EXERCISE INSTRUCTIONS: I would like the line with "Screen dimensions: 1232x953" and every line after it, down to the end of the entries below, output exactly and without pictures.

(Stored items)
————

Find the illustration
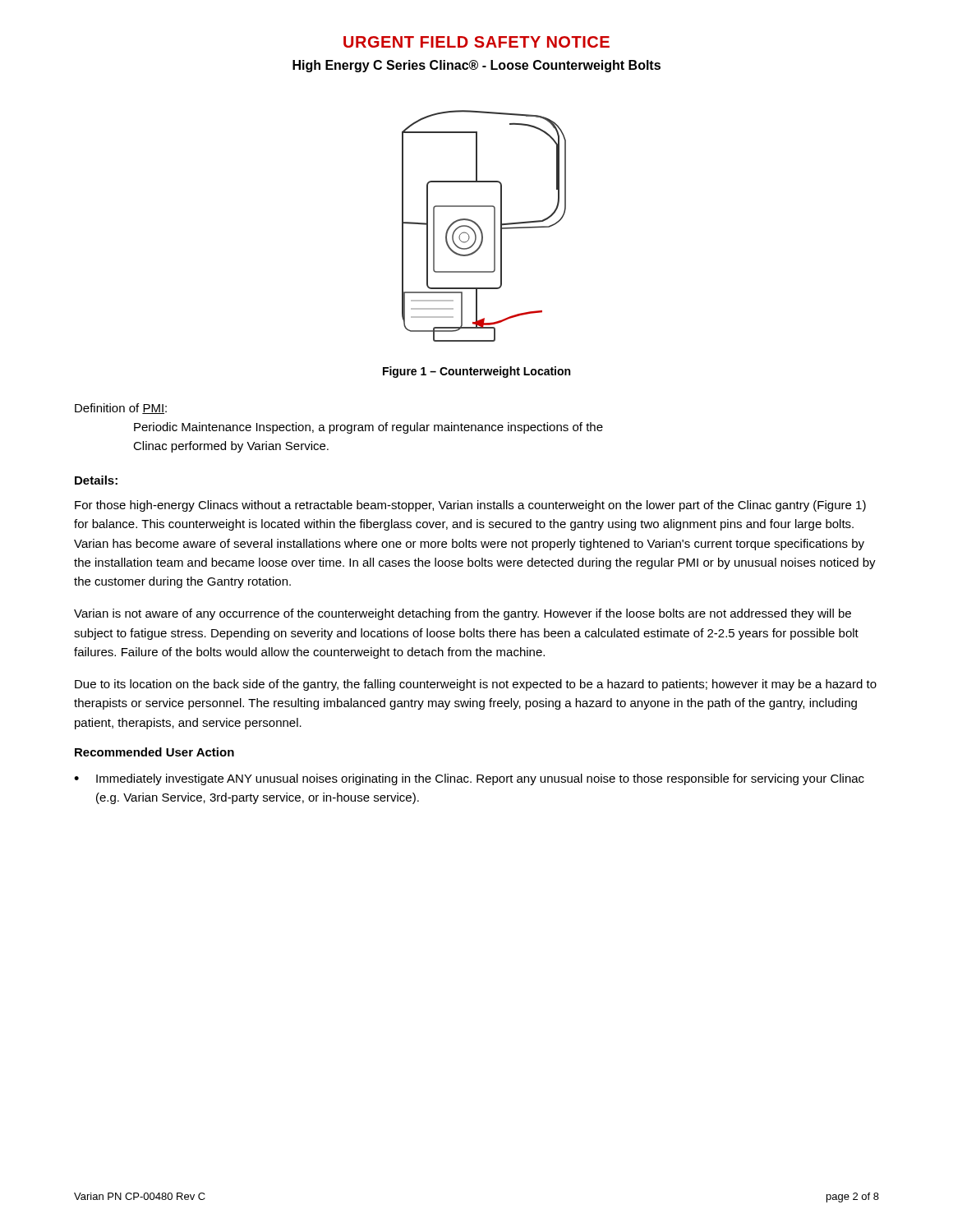The height and width of the screenshot is (1232, 953). [476, 228]
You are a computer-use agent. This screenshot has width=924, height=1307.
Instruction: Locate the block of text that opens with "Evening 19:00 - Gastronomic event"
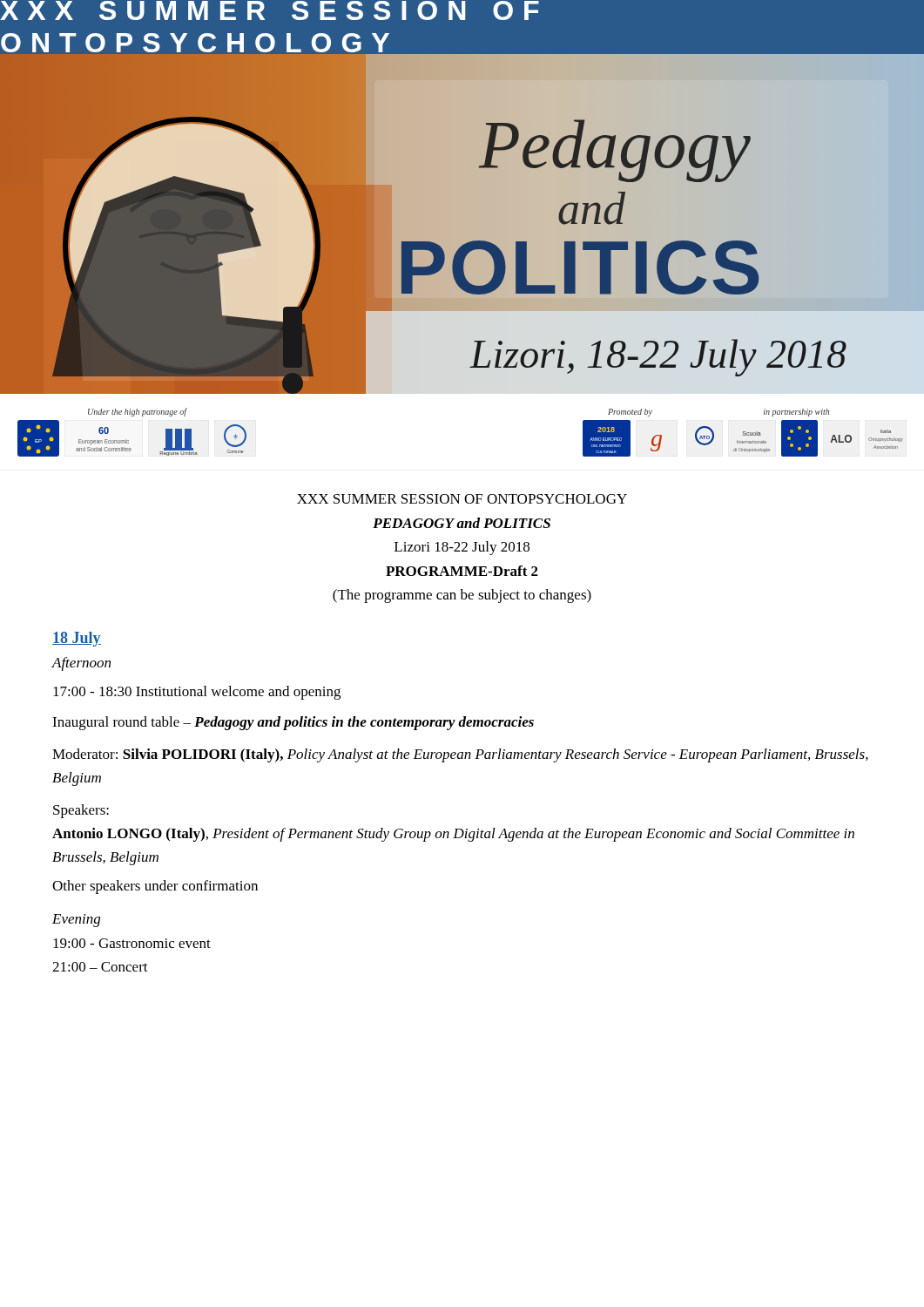coord(131,943)
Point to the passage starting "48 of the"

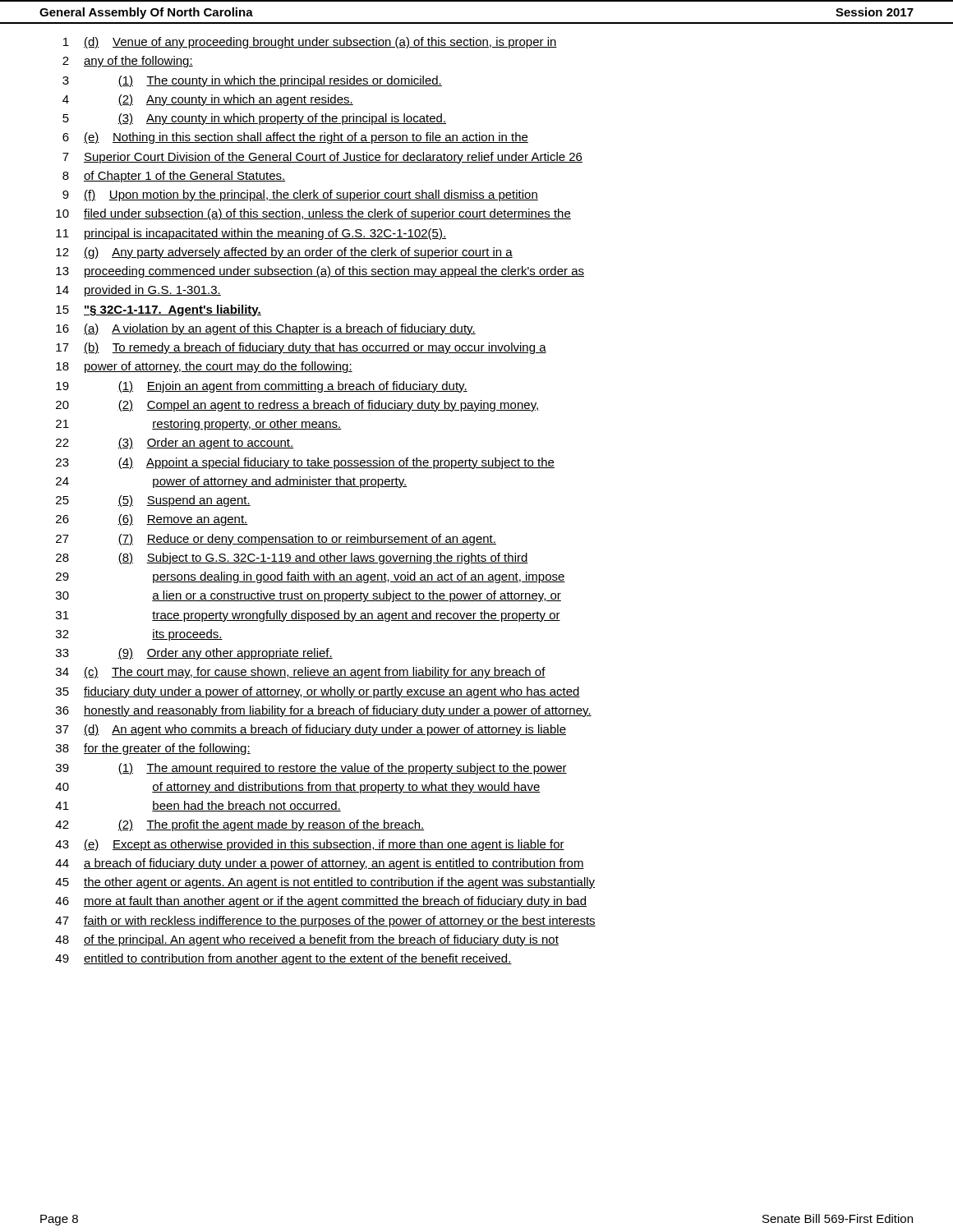(x=476, y=939)
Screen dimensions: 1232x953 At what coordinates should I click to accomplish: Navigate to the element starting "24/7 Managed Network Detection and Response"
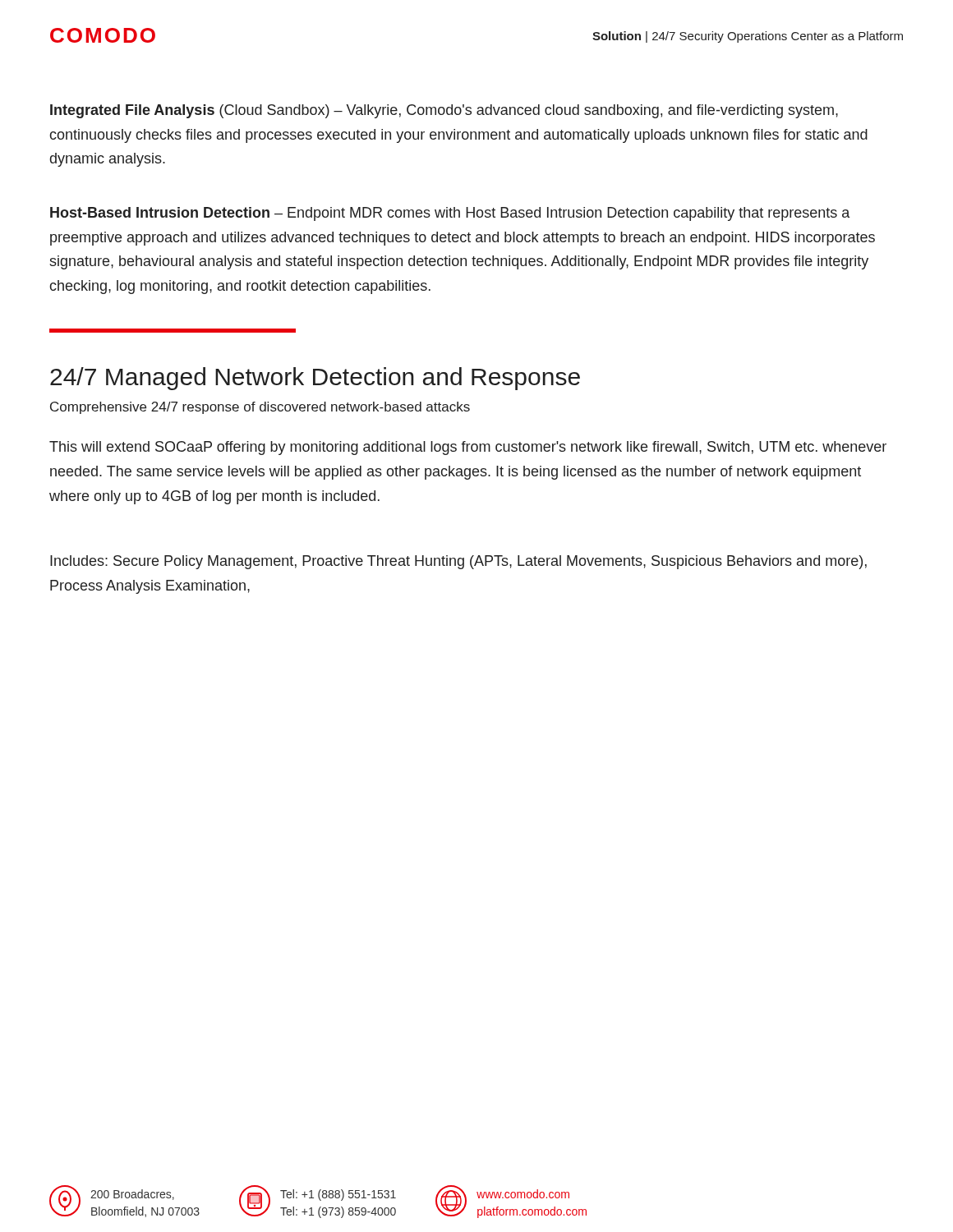pyautogui.click(x=315, y=376)
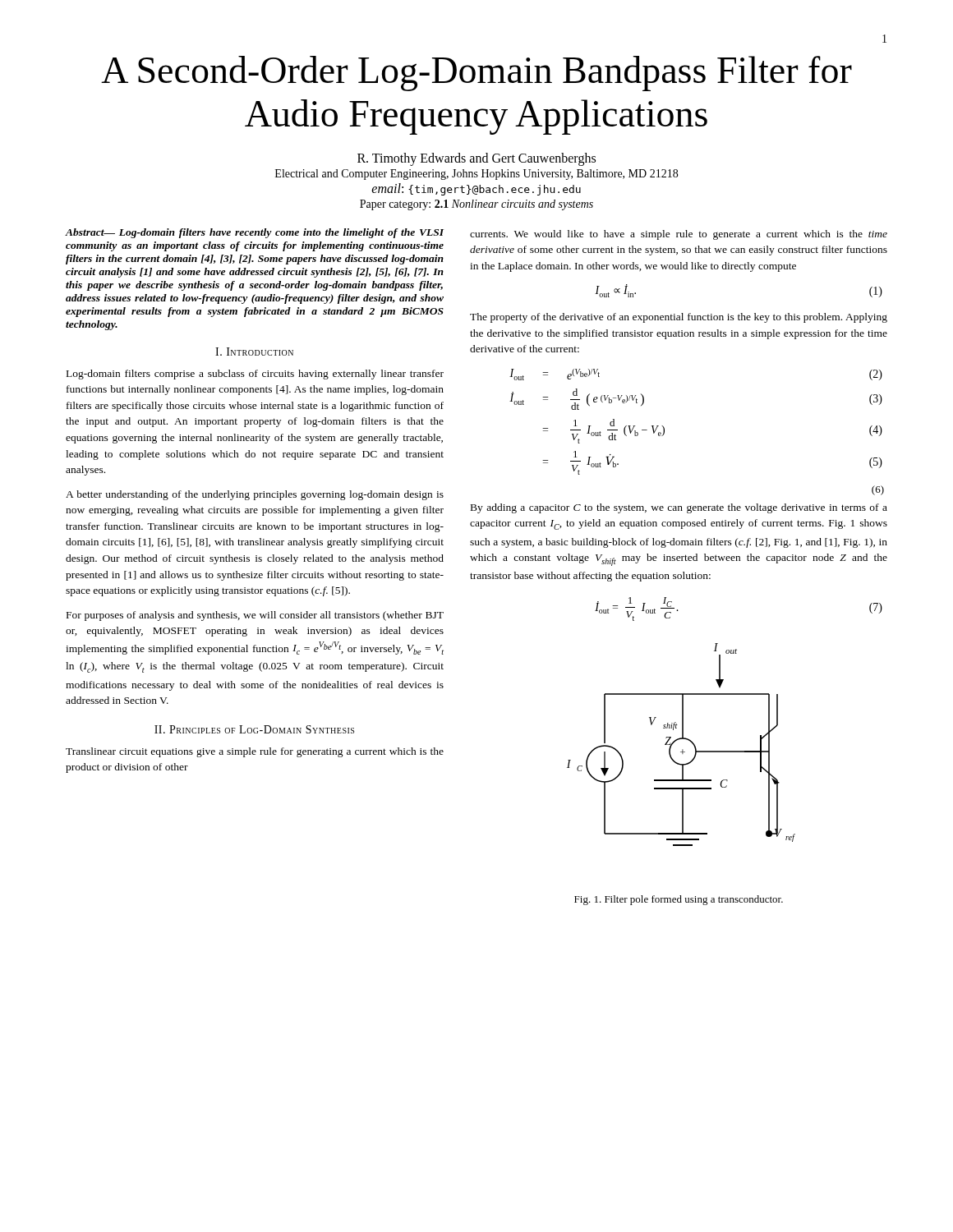Find the title on this page that starts "A Second-Order Log-Domain Bandpass Filter forAudio"
This screenshot has width=953, height=1232.
[476, 93]
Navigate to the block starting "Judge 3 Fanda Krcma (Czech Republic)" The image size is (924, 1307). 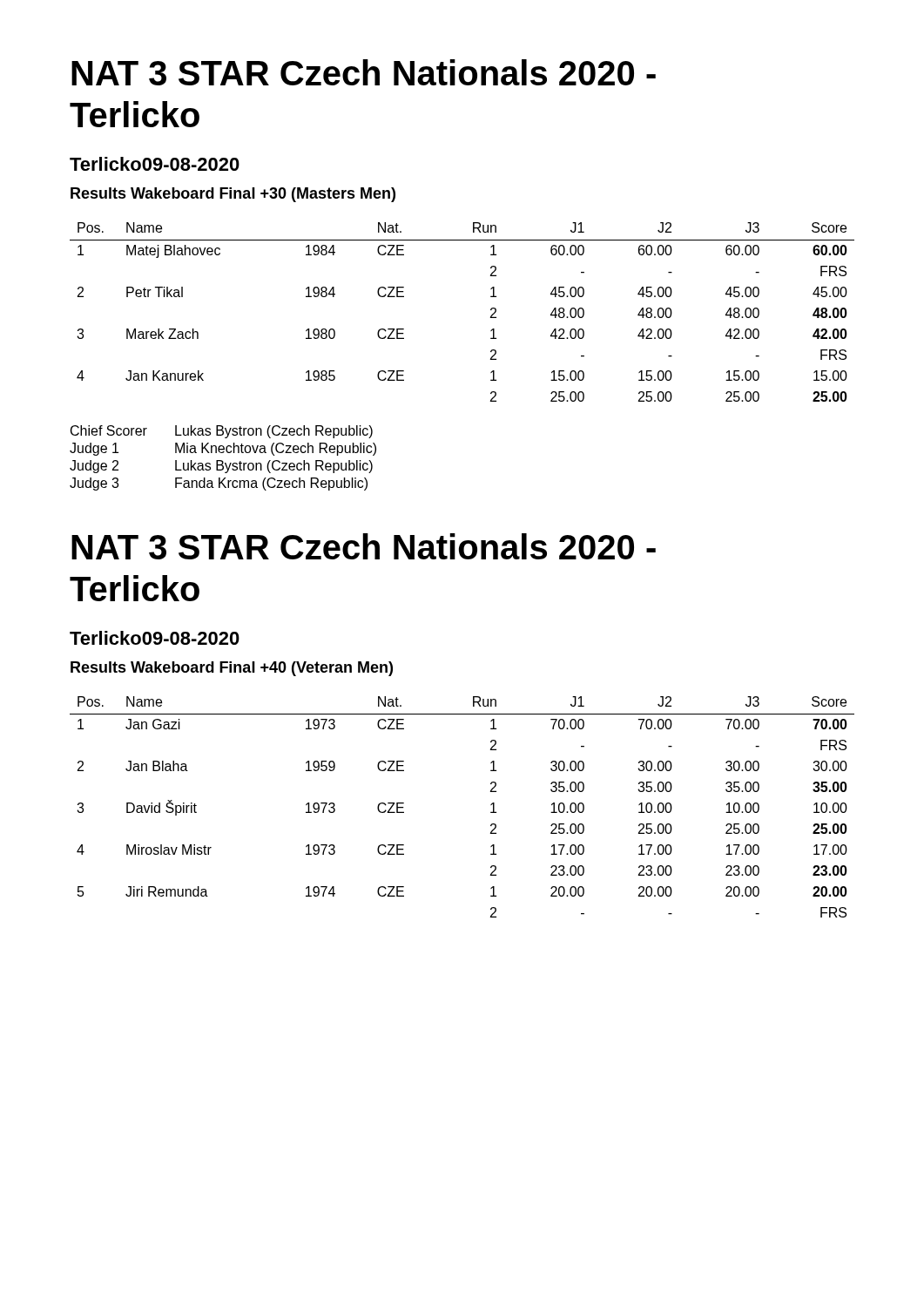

————

WRITTEN ANSWER:
Screen dimensions: 1232x953 At what coordinates should I click to accomplish: Navigate to the element starting "24/7 Managed Network Detection and Response"
pyautogui.click(x=315, y=376)
Find the title on this page that starts "A Second-Order Log-Domain Bandpass Filter forAudio"
This screenshot has width=953, height=1232.
[476, 93]
Navigate to the block starting "Judge 3 Fanda Krcma (Czech Republic)" The image size is (924, 1307). 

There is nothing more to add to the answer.